Many experienced contributors recommend newcomers invoke ninja -C ~/local/Source/apple/build/swift-macosx-x86_64 directly in order to perform faster incremental builds of apple/swift. But a new contributor who doesn't know what swift/utils/build-script does will have a lot of questions:

  • "What is ninja?"
  • "What is the swift-macosx-x86_64 directory?"
  • "I used swift/utils/build-script --xcode in order to generate an Xcode project; attempting to invoke ninja results in an error. Why?"

Contributors familiar with the interaction between swift/utils/build-script and CMake know that swift/utils/build-script --xcode eventually calls cmake -G Xcode when configuring the apple/swift project, and so it stands to reason that invoking ninja on the configured project would not work. A slight improvement would be to recommend newcomers use cmake --build instead.

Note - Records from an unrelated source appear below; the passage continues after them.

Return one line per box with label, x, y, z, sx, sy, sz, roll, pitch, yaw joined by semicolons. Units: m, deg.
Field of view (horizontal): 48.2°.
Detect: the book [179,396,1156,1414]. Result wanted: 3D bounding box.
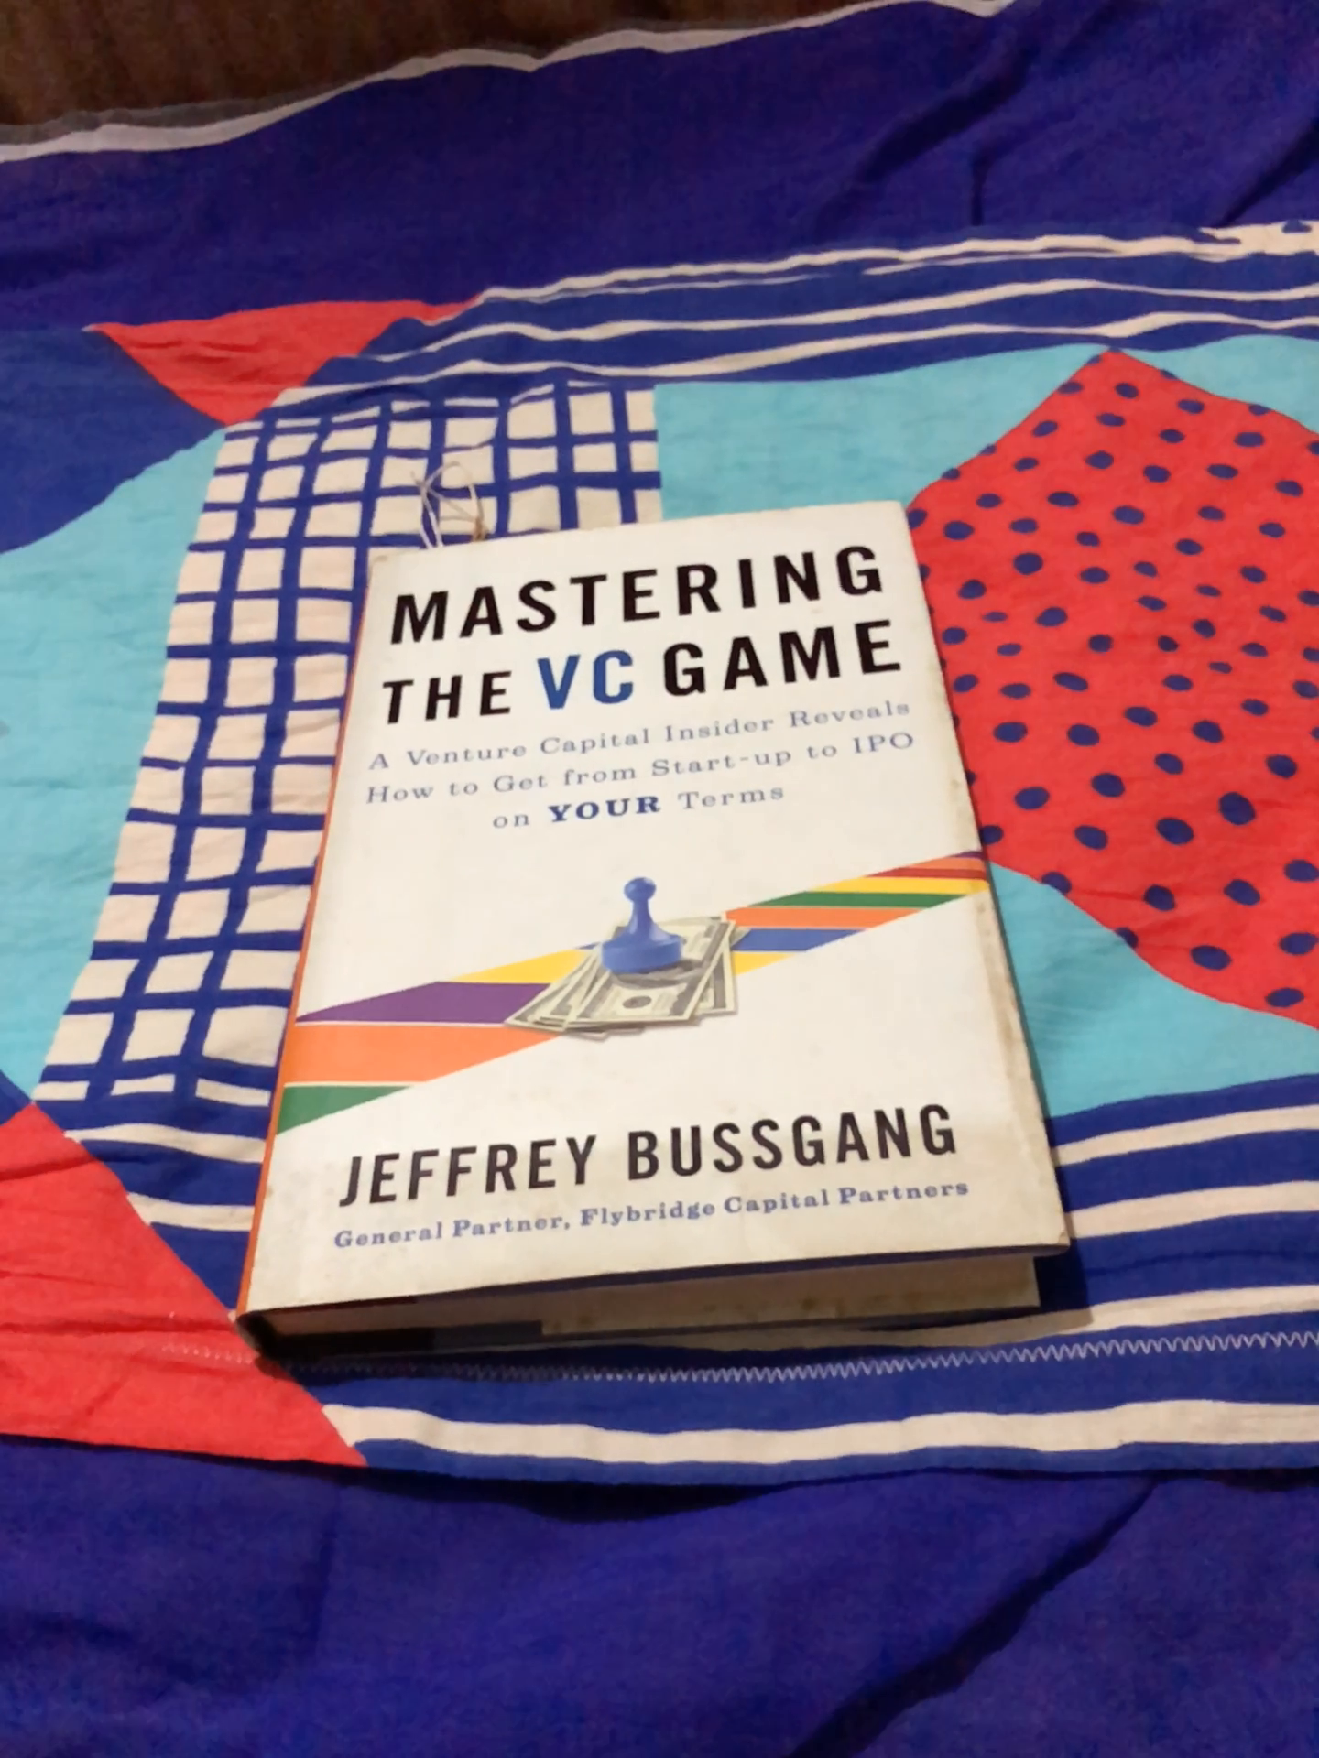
book;-0.001;-0.016;0.381;0.180;0.050;0.281;-5;49;4
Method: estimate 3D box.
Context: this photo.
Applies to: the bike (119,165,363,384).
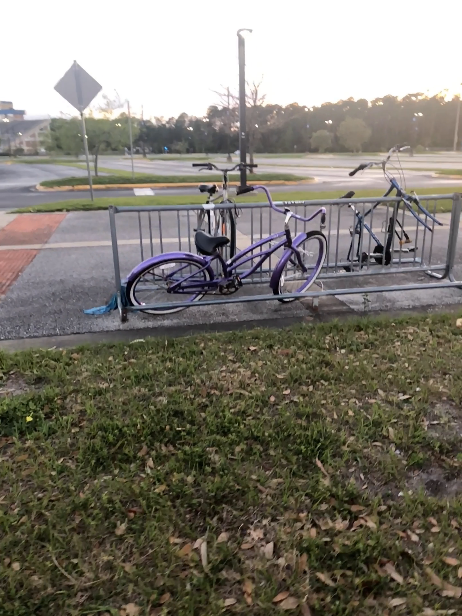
[{"bbox_3d":[0.058,-0.374,3.754,1.701,1.117,0.853,-12,19,-20],"label":"bike"}]
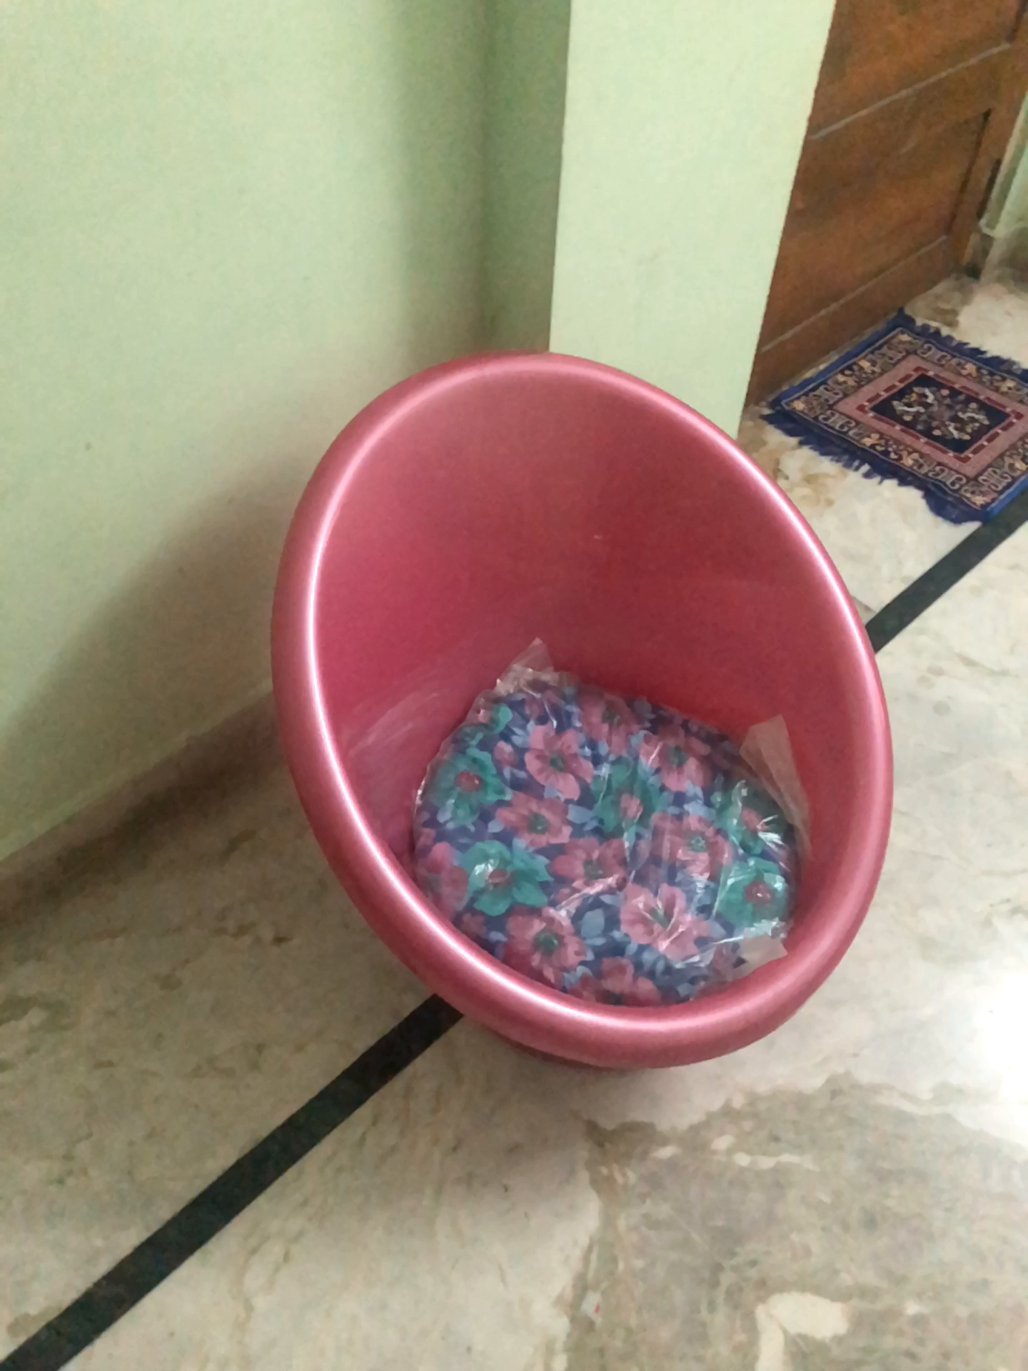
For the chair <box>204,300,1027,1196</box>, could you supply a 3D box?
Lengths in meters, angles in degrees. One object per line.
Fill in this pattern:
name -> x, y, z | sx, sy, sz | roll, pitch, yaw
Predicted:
chair -> 0.077, 0.039, 1.235 | 0.640, 0.547, 0.663 | -13, 51, -13
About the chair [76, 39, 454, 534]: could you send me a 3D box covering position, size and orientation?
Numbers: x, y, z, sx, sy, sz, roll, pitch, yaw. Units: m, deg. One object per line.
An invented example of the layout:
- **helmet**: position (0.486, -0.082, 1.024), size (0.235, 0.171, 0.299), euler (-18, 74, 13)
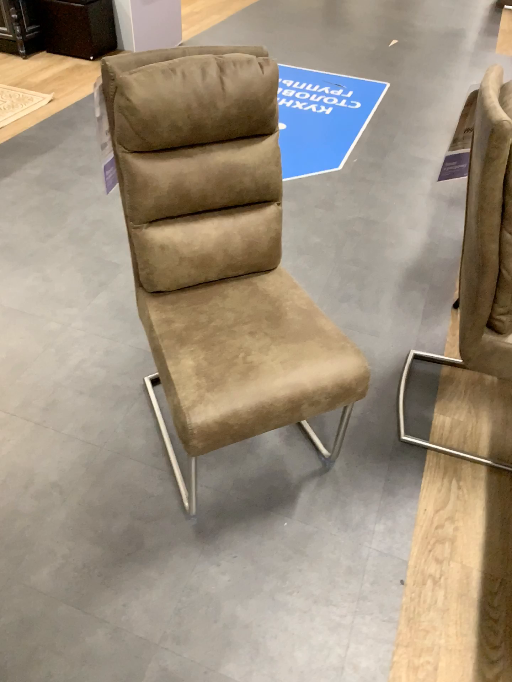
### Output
- **chair**: position (-0.048, -0.105, 1.319), size (0.501, 0.995, 0.602), euler (-15, 47, -19)
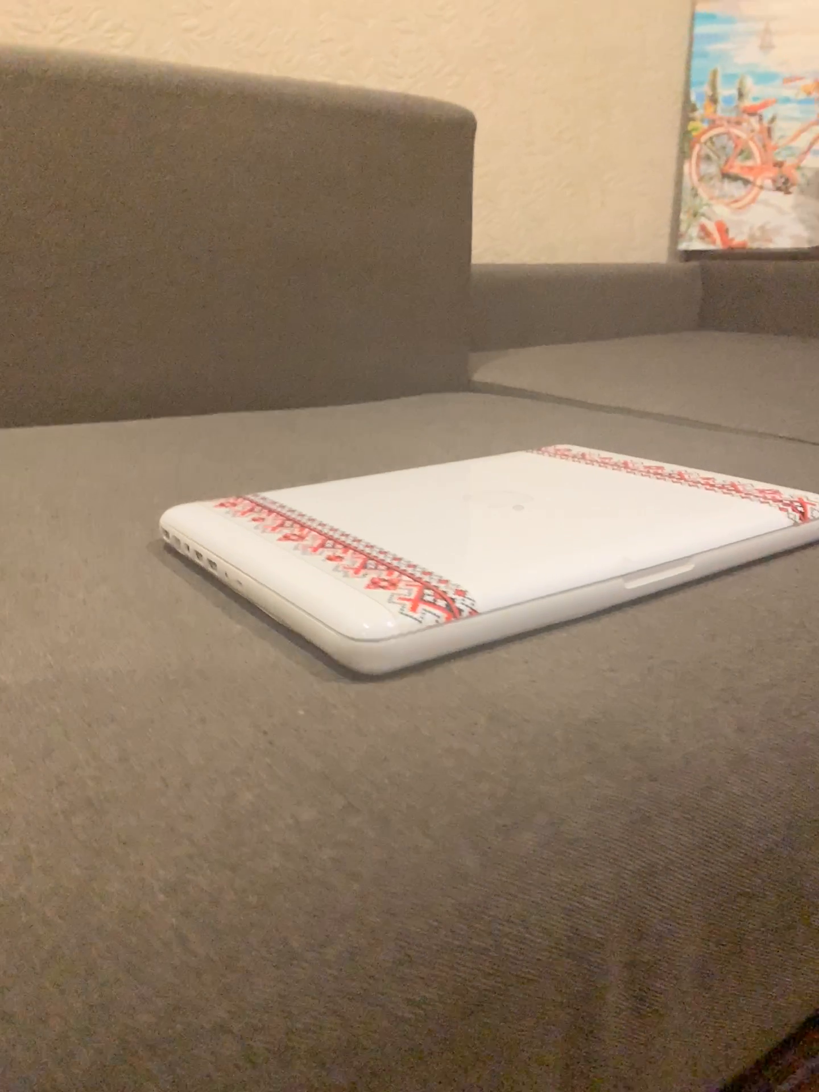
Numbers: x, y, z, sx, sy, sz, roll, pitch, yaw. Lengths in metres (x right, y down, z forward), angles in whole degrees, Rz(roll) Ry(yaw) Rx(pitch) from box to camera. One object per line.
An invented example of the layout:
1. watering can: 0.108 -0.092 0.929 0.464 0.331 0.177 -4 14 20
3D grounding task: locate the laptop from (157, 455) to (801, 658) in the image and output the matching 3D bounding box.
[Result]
1. laptop: 0.044 -0.015 0.505 0.325 0.003 0.222 -12 22 -34
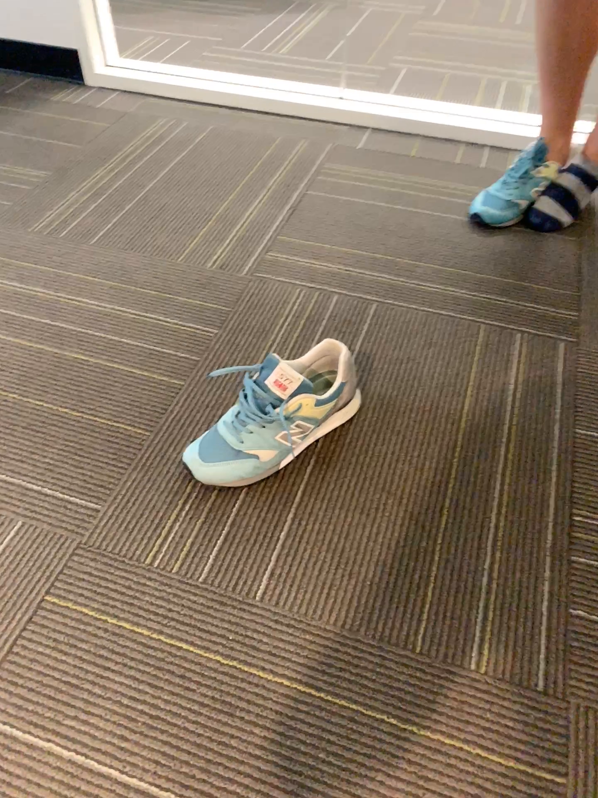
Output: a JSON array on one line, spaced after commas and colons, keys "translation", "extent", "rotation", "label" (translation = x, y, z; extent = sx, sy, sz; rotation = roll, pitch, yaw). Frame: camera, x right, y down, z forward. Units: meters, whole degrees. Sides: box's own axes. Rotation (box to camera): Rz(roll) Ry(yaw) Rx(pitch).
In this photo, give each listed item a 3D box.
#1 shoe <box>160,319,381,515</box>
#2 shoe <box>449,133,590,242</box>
[{"translation": [-0.034, 0.015, 0.880], "extent": [0.290, 0.099, 0.130], "rotation": [-33, 55, -28], "label": "shoe"}, {"translation": [0.474, -0.459, 1.310], "extent": [0.290, 0.099, 0.130], "rotation": [-33, 55, -28], "label": "shoe"}]

One last trick: "In-tree" builds of apple/swift

Configuring and building apple/swift using direct invocations of cmake gave me a new appreciation of the work done by swift/utils/build-script and swift/utils/build-script-impl. But it also made me notice that configuring and building Clang did not require a cmake invocation of its own.

The recommended way to build the Clang project is slightly different than the way I built apple/swift with CMake. Whereas building apple/swift required me to build LLVM first, Clang is built as part of the LLVM project. LLVM's CMake automatically detects when Clang is present at llvm/tools/clang. If it is, then LLVM's CMake includes Clang in the build.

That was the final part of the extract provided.